The abstract element in our schema is borrowed from the JATS schema, so any markup tags supported by JATS (e.g. <jats:p>) are allowed within the abstracts.
If an abstract should be the text for humans to read of:
<jats:p> is hard!
that is to say, the character <, then letters jats, then character :, then letter p, then character > then space, and then is hard!, how should this appear in JSON?
Should the metadata service be returning the following JSON value?
"<jats:p> is hard!"
If the metadata service returns the JSON value below, it should be a parse error, because the close tag is missing?
"<jats:p>XML is hard!"
or should software gracefully handle the missing closing tag and automatically close the tag resulting in the text for humans to read:
Do you have an example where the closing tag is missing?
In the record for the DOI provided in original post here - 10.7202/1104262ar - and all other abstracts that I’m aware of, the abstract text begins <jats:p> and ends </jats:p>.
I have not seen an example where the closing tag is missing.
My fundamental question is how does a software program know whether to treat the JSON value as XML or plain text. My examples are to make the question concrete.
It sounds like Crossref sometimes returns plain text and sometimes returns the contents of an XML/HTML element and Crossref has not specified how software is supposed to know one way or the other.
If you want a specific real example where this is relevant see 10.1542/peds.2023-062391. The website search dot crossref dot org returns the following text to a human reader:
Sooner Is Better: Early Human Milk Fortification for Hospitalized Preterm Infants <29 Weeks
And the JSON value for the title from Crossref is:
"Sooner Is Better: Early Human Milk Fortification for Hospitalized Preterm Infants &lt;29 Weeks"
So in this case, Crossref software with its own Crossref data seem to think it should be plaintext. But clearly the title is supposed to be the contents of a XML/HTML element.
Is data wrong? Is the Crossref software wrong? When should a title or abstract in Crossref metadata JSON be treated as plaintext vs the contents of an XML/HTML element? Are there any example where the data should be treated as plaintext?
PubMed gets is right (PMID: 37551455). It show for humans the text
Sooner Is Better: Early Human Milk Fortification for Hospitalized Preterm Infants <29 Weeks
The short answer is that the data is wrong in that case.
When Crossref member organizations register DOIs for their content, they submit the metadata assocaited with each item as XML. We make that XML, more-or-less unaltered, available through an older XML-based API. And then we convert the XML to JSON when the records are indexed in the REST API.
Sometimes the XML comes from the registrants with errors, and those errors are passed through to the JSON records as well. We do our best to have good documentation available to our member organizations, and to put checks in place when possible to catch certain kinds of errors at the point of metadata submission, but we can’t catch everything.

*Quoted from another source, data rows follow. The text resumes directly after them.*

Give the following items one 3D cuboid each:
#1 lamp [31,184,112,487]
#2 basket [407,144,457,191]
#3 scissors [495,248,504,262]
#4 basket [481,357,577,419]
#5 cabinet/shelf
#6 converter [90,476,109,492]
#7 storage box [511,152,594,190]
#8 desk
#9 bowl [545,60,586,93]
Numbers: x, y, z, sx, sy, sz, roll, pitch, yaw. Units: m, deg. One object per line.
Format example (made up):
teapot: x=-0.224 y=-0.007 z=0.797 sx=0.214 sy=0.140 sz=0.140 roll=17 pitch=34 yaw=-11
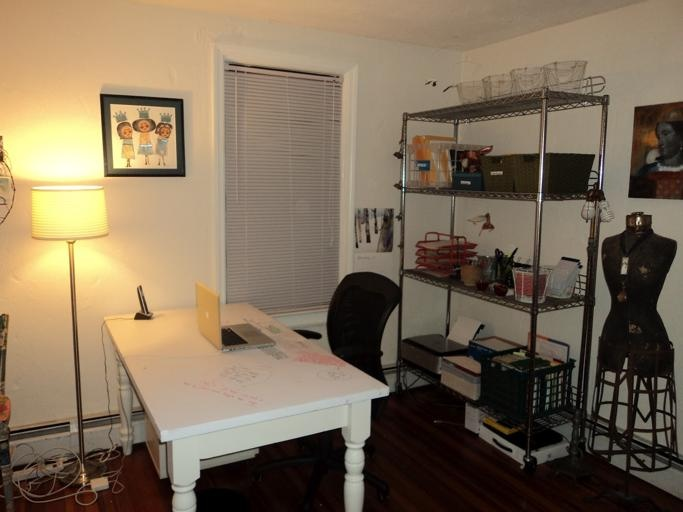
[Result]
lamp: x=-1.650 y=0.482 z=3.312 sx=0.402 sy=1.824 sz=0.669 roll=-4 pitch=15 yaw=-19
basket: x=0.660 y=-0.698 z=4.061 sx=0.347 sy=0.340 sz=0.367 roll=-6 pitch=11 yaw=-35
scissors: x=1.201 y=-0.013 z=3.945 sx=0.082 sy=0.109 sz=0.108 roll=0 pitch=-12 yaw=9
basket: x=1.290 y=0.869 z=3.566 sx=0.473 sy=0.310 sz=0.469 roll=-6 pitch=11 yaw=-33
cabinet/shelf: x=1.160 y=0.016 z=3.977 sx=0.831 sy=2.402 sz=1.816 roll=-9 pitch=17 yaw=-33
converter: x=-1.509 y=1.414 z=3.262 sx=0.070 sy=0.019 sz=0.077 roll=-2 pitch=14 yaw=-26
storage box: x=1.383 y=-0.506 z=3.397 sx=0.406 sy=0.212 sz=0.276 roll=0 pitch=2 yaw=-31
desk: x=-0.494 y=0.170 z=2.671 sx=1.007 sy=0.820 sz=1.705 roll=-7 pitch=17 yaw=-30
bowl: x=1.524 y=-1.219 z=3.637 sx=0.285 sy=0.228 sz=0.303 roll=0 pitch=10 yaw=0
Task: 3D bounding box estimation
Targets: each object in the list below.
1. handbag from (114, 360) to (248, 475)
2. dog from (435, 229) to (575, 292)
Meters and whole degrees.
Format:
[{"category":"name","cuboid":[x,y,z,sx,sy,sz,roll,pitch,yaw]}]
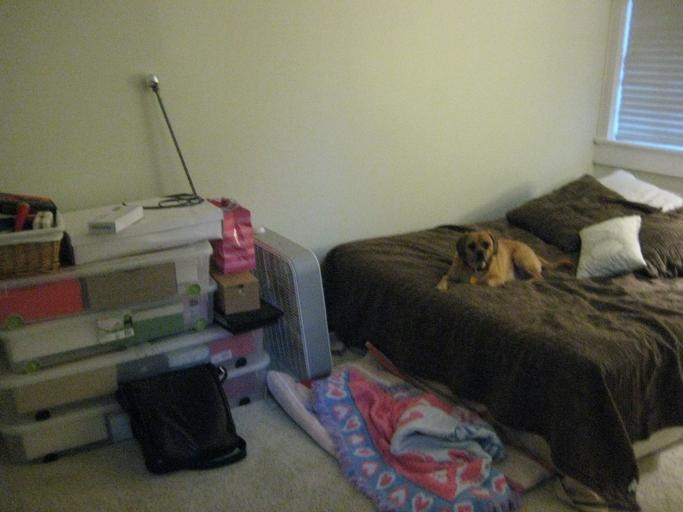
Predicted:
[{"category":"handbag","cuboid":[-0.611,0.630,2.017,0.401,0.269,0.369,-14,21,-26]},{"category":"dog","cuboid":[0.837,0.011,2.778,0.494,0.211,0.332,-15,9,-40]}]
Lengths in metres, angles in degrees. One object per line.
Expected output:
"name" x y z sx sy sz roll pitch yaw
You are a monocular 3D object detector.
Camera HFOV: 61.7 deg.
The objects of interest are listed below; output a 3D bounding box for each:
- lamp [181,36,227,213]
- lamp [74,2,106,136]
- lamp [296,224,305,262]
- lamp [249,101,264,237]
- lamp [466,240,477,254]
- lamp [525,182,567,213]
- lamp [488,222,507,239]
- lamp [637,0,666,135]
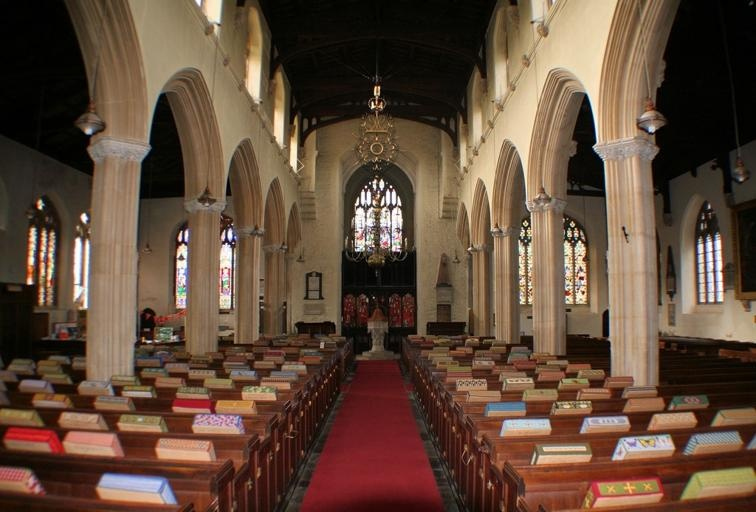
"lamp" -3.865 -2.975 13.915 0.875 4.019 1.832 -2 7 -14
"lamp" -4.884 -3.233 10.791 0.552 2.326 1.329 -3 7 -22
"lamp" -3.073 -0.432 25.202 0.294 1.369 0.420 7 10 44
"lamp" -3.482 -1.751 17.807 0.370 2.409 0.723 -1 7 -9
"lamp" 3.252 -0.259 21.843 0.232 0.475 0.609 -1 7 -10
"lamp" 3.880 -1.345 14.653 0.654 0.448 0.663 -1 1 12
"lamp" 3.413 -0.711 18.020 0.148 0.449 0.619 -4 8 -31
"lamp" 4.531 -3.169 10.430 0.409 2.285 1.675 3 7 21
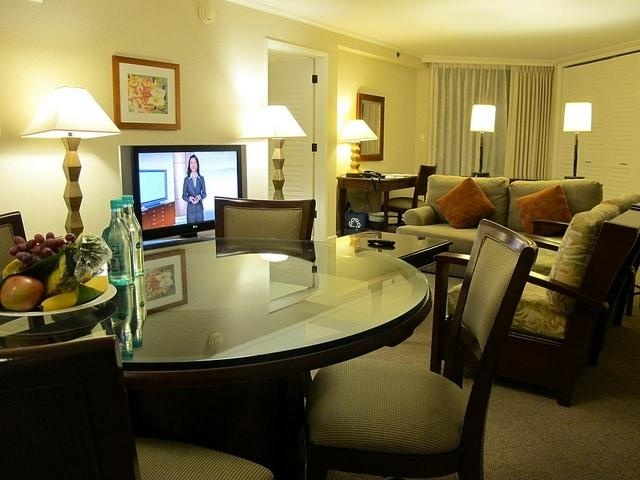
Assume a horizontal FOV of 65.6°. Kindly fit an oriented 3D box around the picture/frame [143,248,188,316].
[{"bbox_3d":[-0.544,0.153,1.756,0.011,0.168,0.164,-20,-7,26],"label":"picture/frame"}]

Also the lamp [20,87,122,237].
[{"bbox_3d":[-1.650,-0.519,3.343,0.572,0.971,0.558,-8,15,-35],"label":"lamp"}]

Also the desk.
[{"bbox_3d":[0.721,-0.707,6.428,0.700,0.909,1.218,6,12,29],"label":"desk"}]

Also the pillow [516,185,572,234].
[{"bbox_3d":[2.053,-0.183,4.445,0.388,0.420,0.179,-20,-40,36],"label":"pillow"}]

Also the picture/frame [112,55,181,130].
[{"bbox_3d":[-1.411,-1.187,3.972,0.051,0.642,0.708,11,15,34],"label":"picture/frame"}]

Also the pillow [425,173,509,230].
[{"bbox_3d":[1.432,-0.401,4.845,0.553,0.615,0.231,5,-12,26],"label":"pillow"}]

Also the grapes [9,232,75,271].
[{"bbox_3d":[-0.782,0.022,1.406,0.162,0.099,0.187,-3,13,-15],"label":"grapes"}]

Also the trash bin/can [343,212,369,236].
[{"bbox_3d":[0.473,-0.219,6.293,0.300,0.330,0.199,2,11,12],"label":"trash bin/can"}]

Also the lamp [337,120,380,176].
[{"bbox_3d":[0.415,-1.204,6.415,0.601,0.734,0.636,5,15,19],"label":"lamp"}]

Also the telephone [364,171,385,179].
[{"bbox_3d":[0.658,-0.817,6.225,0.197,0.057,0.165,10,17,29],"label":"telephone"}]

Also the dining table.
[{"bbox_3d":[-0.134,0.308,1.418,0.740,0.455,0.787,1,15,8],"label":"dining table"}]

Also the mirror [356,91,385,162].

In this case, when AAP submitted the metadata for 10.1542/peds.2023-062391 they incorrectly escaped the “<” in that title, and submitted it as
<titles>
<title>Sooner Is Better: Early Human Milk Fortification for Hospitalized Preterm Infants &lt;29 Weeks</title>
</titles>
instead of
<titles>
<title>Sooner Is Better: Early Human Milk Fortification for Hospitalized Preterm Infants <29 Weeks</title>
</titles>
It’s possible that whatever process AAP uses for sending metadata to PubMed made the same error, and PubMed has better systems in place for cleaning it up. Or, it’s possible that AAP didn’t make the same escape/encoding error in the data they sent to PubMed. I’m not sure.
But, for the most part, we’re limited to what the content registrants send us, and that accounts for a lot of the errors and inconsistencies that you might notice in the metadata that’s output downstream.
Sorry to bother you, but I’d like to learn more about MathML tagging issues. Taking the DOI 10.1073/pnas.152290999 as an example, I’ve noticed that within the tex-math tags, there are non-standard LaTeX syntax elements like \documentclass[12pt] and \usepackage. To make these display correctly on web pages or save them to a text file while preserving useful information, I’ve had to use regular expressions to extract the LaTeX content between the begin and end sections. This approach feels somewhat inelegant, and I’m concerned it might be problematic. I was wondering if Crossref provides any tools to help parse this type of content?